12Um desses incidentes foi objecto de uma «Pastoral aos Fiéis da Freguesia de N. S. dos Remédios da Fajãzinha das Flores», assinada por Dom João Maria Pimentel (Pastoral aos Fiéis…, 1876: 289-292). Depreende-se do texto da Pastoral que teria havido um conflito entre parte da população e o pároco local sobre o papel que este deveria desempenhar nos festejos. No seguimento, a freguesia parece ter-se dividido em dois «partidos» rivais, cujas hostilidades teriam desencadeado uma intervenção policial da autoridade administrativa (id., ibid.: 290). Incidentes com características similares são reencontráveis noutras freguesias açorianas. Sem preocupação de exaustividade, vale a pena referir alguns dos que tomámos conhecimento no decurso da nossa pesquisa de terreno nos Açores.
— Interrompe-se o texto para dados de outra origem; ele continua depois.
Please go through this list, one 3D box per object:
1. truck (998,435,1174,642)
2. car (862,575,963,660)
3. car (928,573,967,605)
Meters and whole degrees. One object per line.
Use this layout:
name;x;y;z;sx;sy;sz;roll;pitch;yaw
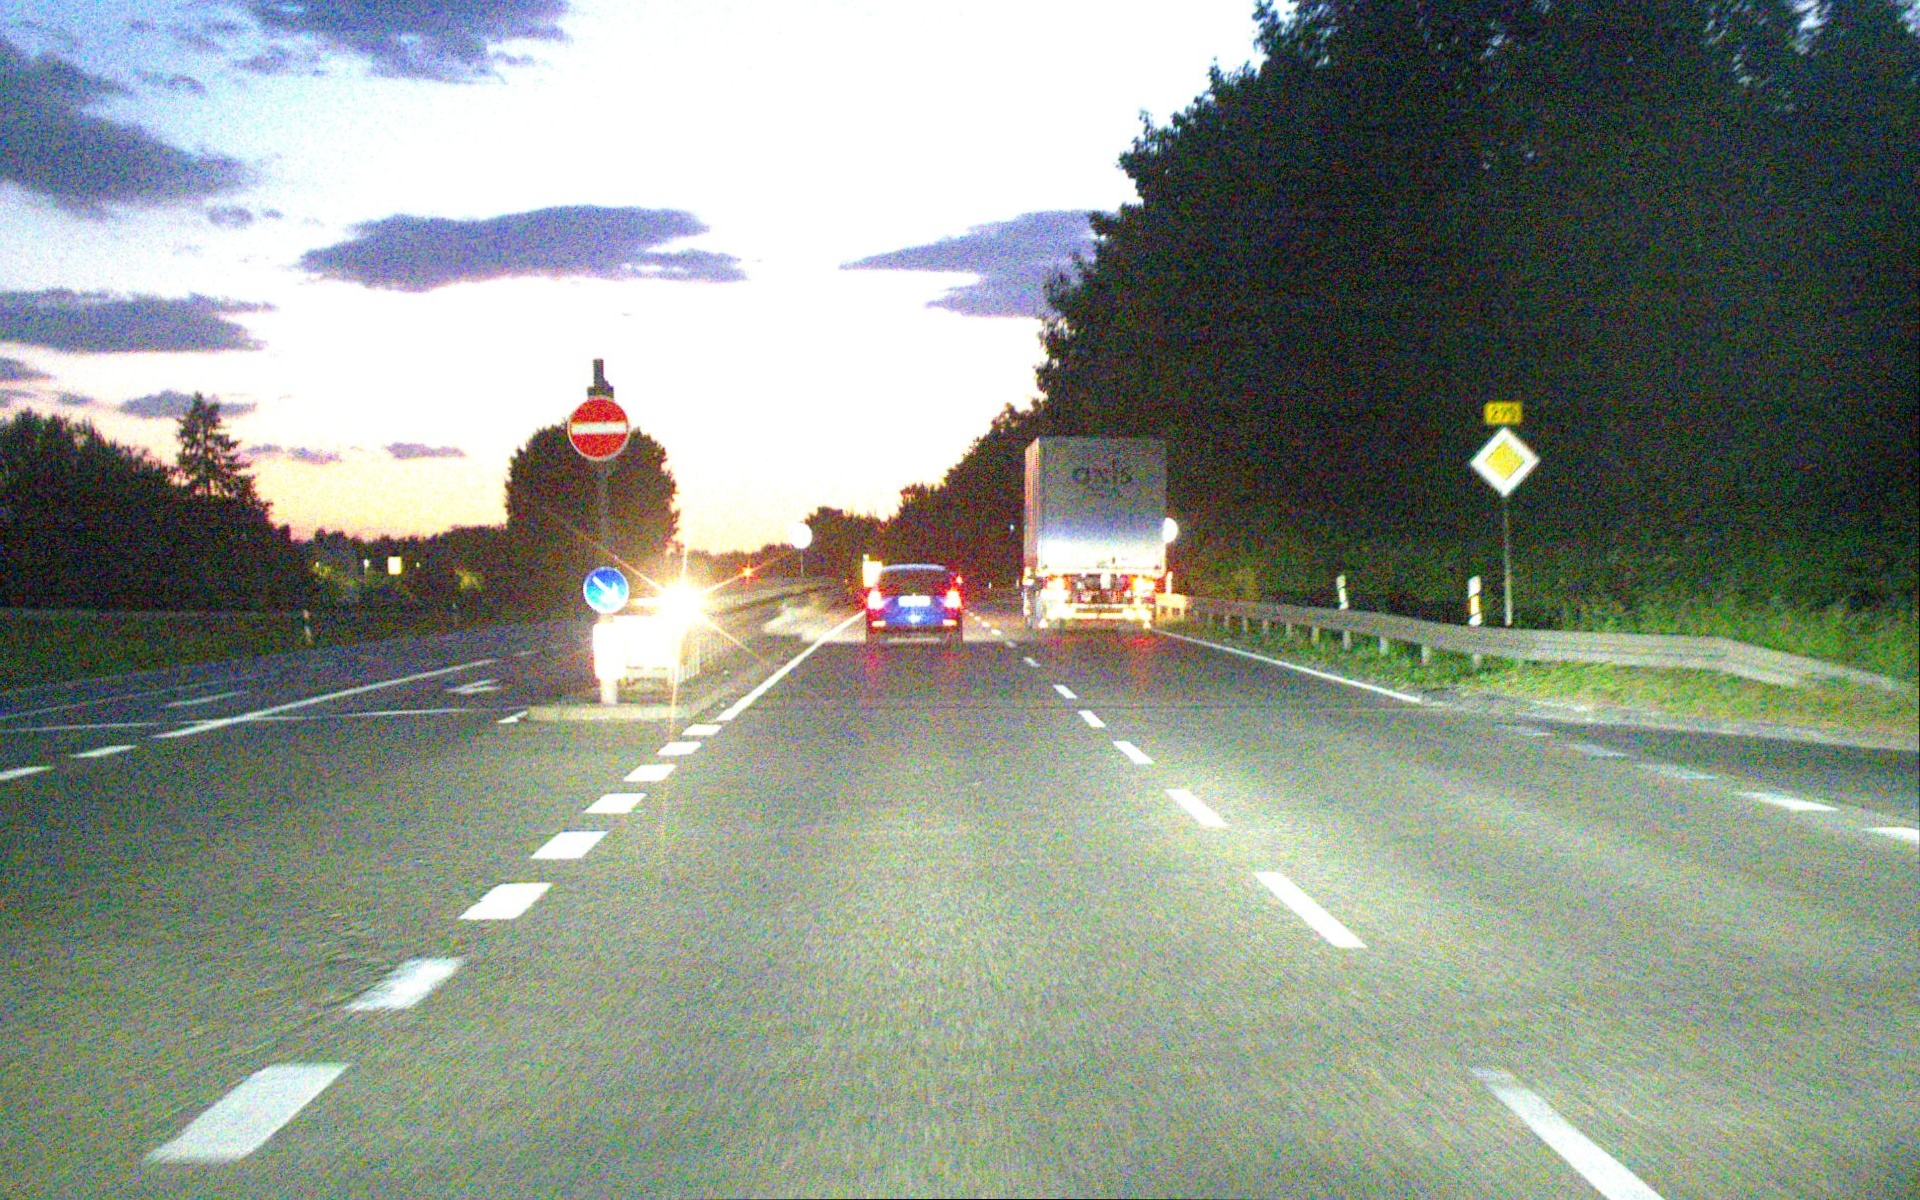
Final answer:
truck;2.571;-1.277;74.390;2.883;4.092;12.684;0;1;-2
car;-0.861;0.280;60.776;1.695;1.447;3.914;0;1;-2
car;-0.596;-0.505;158.433;1.695;1.447;3.914;0;1;-2

13Ainda nas Flores, mas na freguesia de Ponta Delgada, teve lugar nos anos 60 e 70 um conflito de longa duração entre a população da freguesia e o pároco, aparentemente provocado por tentativas de ingerência deste na administração dos fundos dos Impérios. Na freguesia existiam quatro Casas do Espírito Santo que promoviam festejos distintos e, entre 1967 e 1974, três delas, como forma de protesto contra a acção do padre, deixaram de promover os respectivos Impérios. Formaram-se dois «partidos» na freguesia, um a favor do padre, outro contra ele, e, no decurso desse período, os elementos mais em evidência do «partido» contrário ao padre nem sequer frequentavam a missa dominical.
14Em Santo Antão (São Jorge), nos anos 40, o pároco local tomou também algumas iniciativas contra as Festas do Espírito Santo. Entre elas, conta-se a retirada de circulação, à revelia da população, das tochas usualmente utilizadas no acompanhamento das mudanças de Coroa. Mais tarde, tirando partido de um incidente ocorrido no decurso da estada das Coroas em casa de um mordomo — o soalho da divisão em que estava instalado o altar do Espírito Santo cedeu devido ao peso das pessoas que lá se encontravam — o padre proibiu a instalação das Coroas em casa dos mordomos que tinham a seu cargo a promoção dos festejos. Embora tenham sido invocadas razões de segurança, o verdadeiro propósito do padre era, segundo é afirmado localmente, o de pôr termo aos «divertimentos» a que dava tradicionalmente lugar a realização do terço. Embora, nestes dois casos, não tenha existido uma reacção organizada da população contra essas medidas, elas foram exploradas — no âmbito de um conflito que tivémos ocasião de referir no Capítulo 9 — pelo «partido do médico» como forma de aprofundar a contestação ao «partido do padre».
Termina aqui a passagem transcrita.